PE-sequencing and sequencing of codes are performed. Nucleic
sequences of codes are used to group clones corresponding to the
same original molecules.
[0079] MP-library preparation based on clonal amplification has
some advantages compared to the traditional protocol. For
traditional MP libraries: "original fragment->1 library
molecule->2 sequencing reads". For the described method:
"original fragment->set of library molecules->multiple reads
covering terminal regions of the original fragment", FIG. 6.
[0080] Transfer of Pre-Synthesized Oligonucleotide Marker on
MM/MC
[0081] The second column of Table 1 corresponds to experimental
approaches, in which the collection of codes is synthesized in
advance, and during preparation of coded sequencing library is
transferred to MM/MC. Since codes are synthesized in advance, the
protocol of library preparation might be shorter and more stable.
Collection of codes may be prepared according to the methods listed
in rows of the Table 1: [0082] combinatorial synthesis on
microbeads: chemical or enzymatic; [0083] synthesis on microarray;
[0084] clonal amplification for conversion of single molecules into
clones (e.g. bridge amplification on the surface, microbeads in
emulsion, etc.)
[0085] Some approaches to transfer pre-synthesized codes to MM/MC
are described in the examples 1, 7-9, 12, and 15. In many cases,
these approaches are applicable to any way of preparation of
collection of oligonucleotide markers.
[0086] Technical Implementations
[0087] One preferred embodiment of the invention refers to methods,
wherein oligonucleotide markers are prepared on a microarray in a
form of spatially isolated groups with identical oligonucleotides
and association of particular MM or MC with particular
oligonucleotide marker is achieved by adsorption of MM or MC to
said microarray.
[0088] Further embodiments of the present invention are methods,
wherein oligonucleotide markers are prepared in solution as
individual oligonucleotide molecules, or as self-associated
identical oligonucleotide molecules, or as associates of identical
oligonucleotide molecules with microbeads and association of
particular MM or MC with particular oligonucleotide marker is
achieved in water-in-oil emulsion or by adsorption of MM or MC with
said oligonucleotide markers in solution.
[0089] Introduction of oligonucleotide markers into MM/MC often
involves performing of multiple parallel reactions.
[0090] Parallel reactions may be organized in a common reaction
solution:
[0091] (i) in spatially isolated droplets in water-in-oil
emulsion;
[0092] (ii) by adsorption on each other the equivalent amounts of
presynthesized oligonucleotide markers (on microbeads or on
microarray) and MM/MC (2D adsorption on microarray or 3D adsorption
to beads in the diluted solution);
[0093] (iii) by using MM/MC as carriers for synthesis of a library
of codes (in combinatorial synthesis, in synthesis on 2D surface
(microarray)) or in amplification reaction).
[0094] Current robotics and automation also permit to organize a
number of physically separated aliquots: [0095] using hydrophilic
spots on hydrophobic surface; [0096] piezo dispensers or other
liquid-handling robots; [0097] RainDance-based approaches; [0098]
etc.
[0099] It is inconvenient to add enzymes/chemicals to many separate
reactions.

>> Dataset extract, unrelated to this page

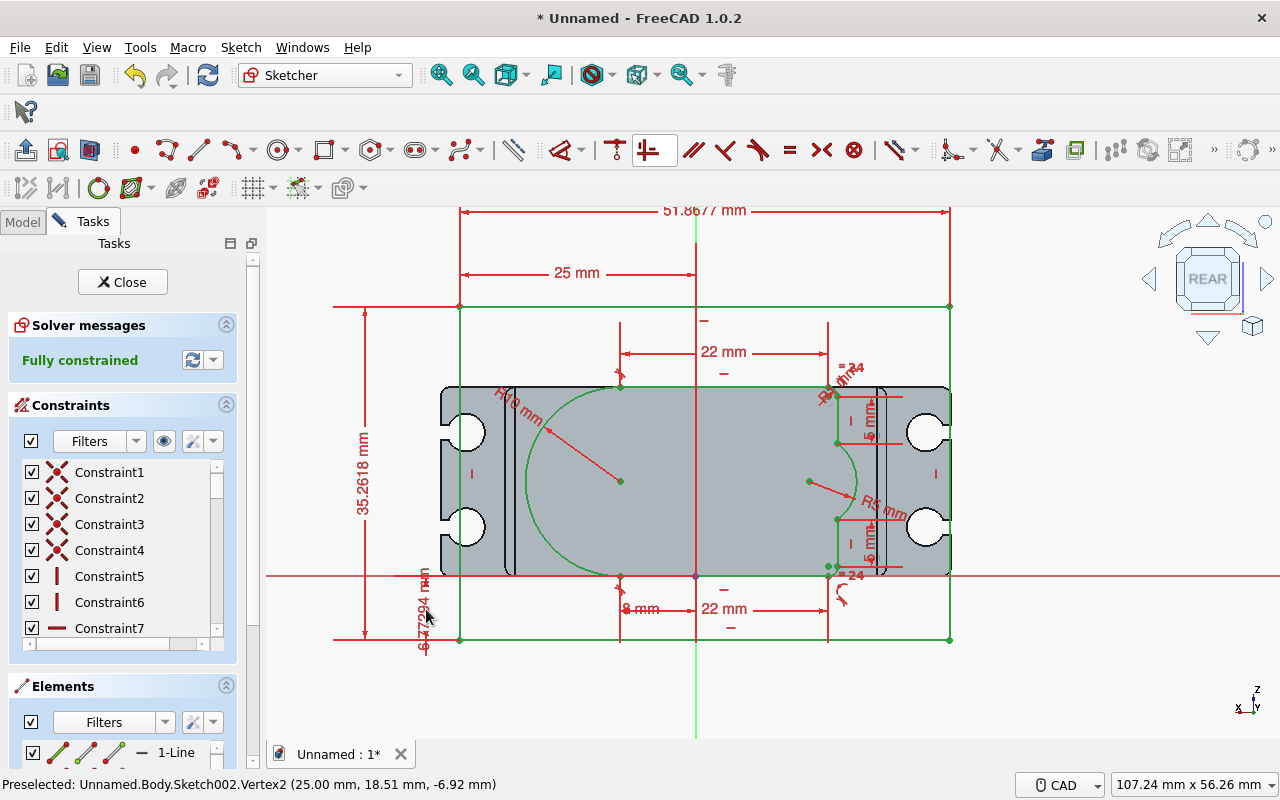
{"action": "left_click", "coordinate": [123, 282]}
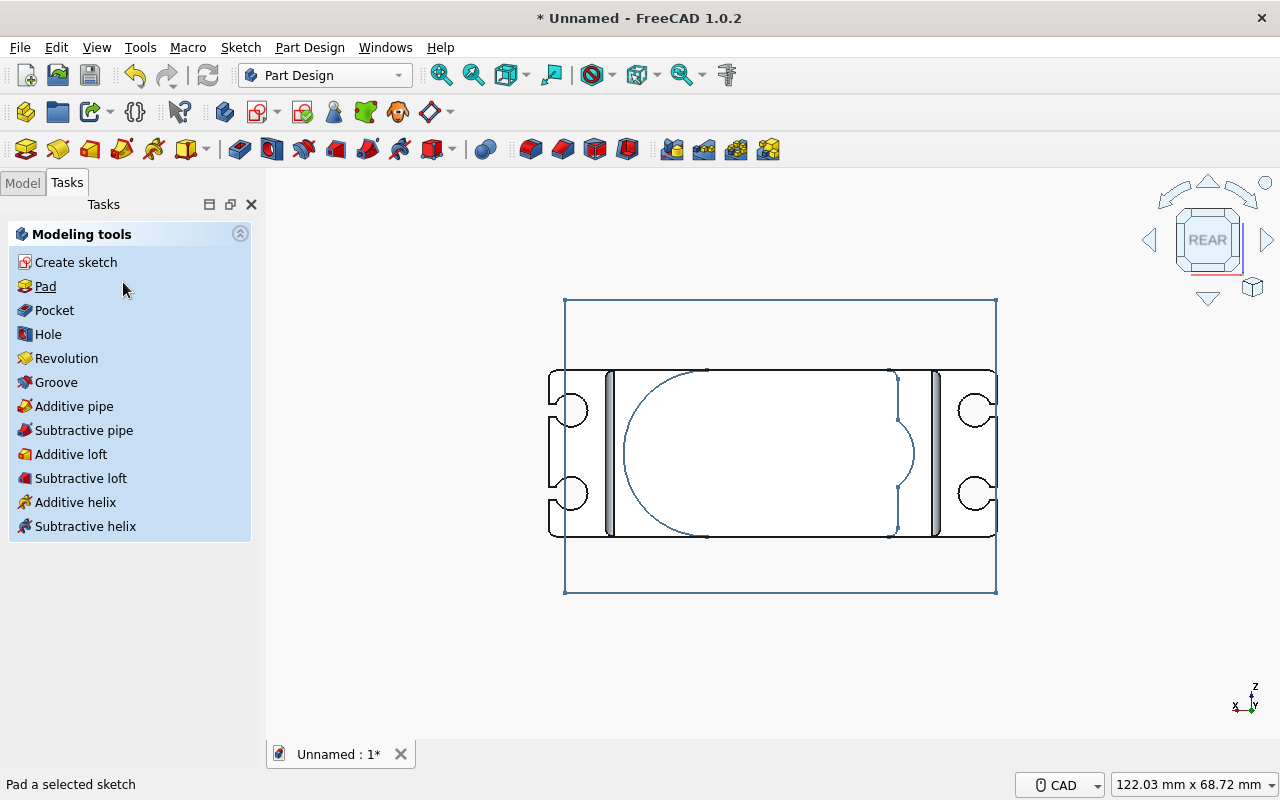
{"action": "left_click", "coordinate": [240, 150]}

It is better to work with a common inactivated mixture
(master mix) and to start reaction after splitting. Reaction may be
inactivated by external conditions (for example, decreasing a
temperature) or by excluding some key component from the reaction
(double valent ions, cofactors, etc.) which is later introduced
together with split component (usually, coded
oligonucleotides).
[0100] For many examples described in this invention large sets of
oligonucleotides are required. If oligonucleotides consist of
conservative and variable parts and the total number of
oligonucleotides is too large for the direct synthesis, the
collection of oligonucleotides might be produced by ligation of a
common part to locus-specific oligonucleotides. A double-stranded
common region may be introduced using ligation-based
oligonucleotide synthesis. This is convenient for many
applications, because the common part is masked from non-specific
hybridization.
[0101] Coded Libraries
[0102] Coded (prepared by a method according to this invention)
libraries differ from traditional ones. Traditional libraries
consist of completely independent clones, whereas the coded
libraries consist of sets of clones with the same code.
[0103] Traditional libraries are prepared preferably with a large
excess: number of independent molecules is much larger than the
expected number of sequencing reads. Only a small part of the
library is sequenced. This helps to minimize the resequencing of
the same clones.
[0104] This approach is not applicable for coded libraries, where
the relationship of clones should be revealed. If only a small
portion of the library is sequenced, then only a small fraction of
existing relationships would be detected. In the extreme case--when
just one clone is sequenced from each set of clones with the same
code--no relationships between clones would be revealed at all.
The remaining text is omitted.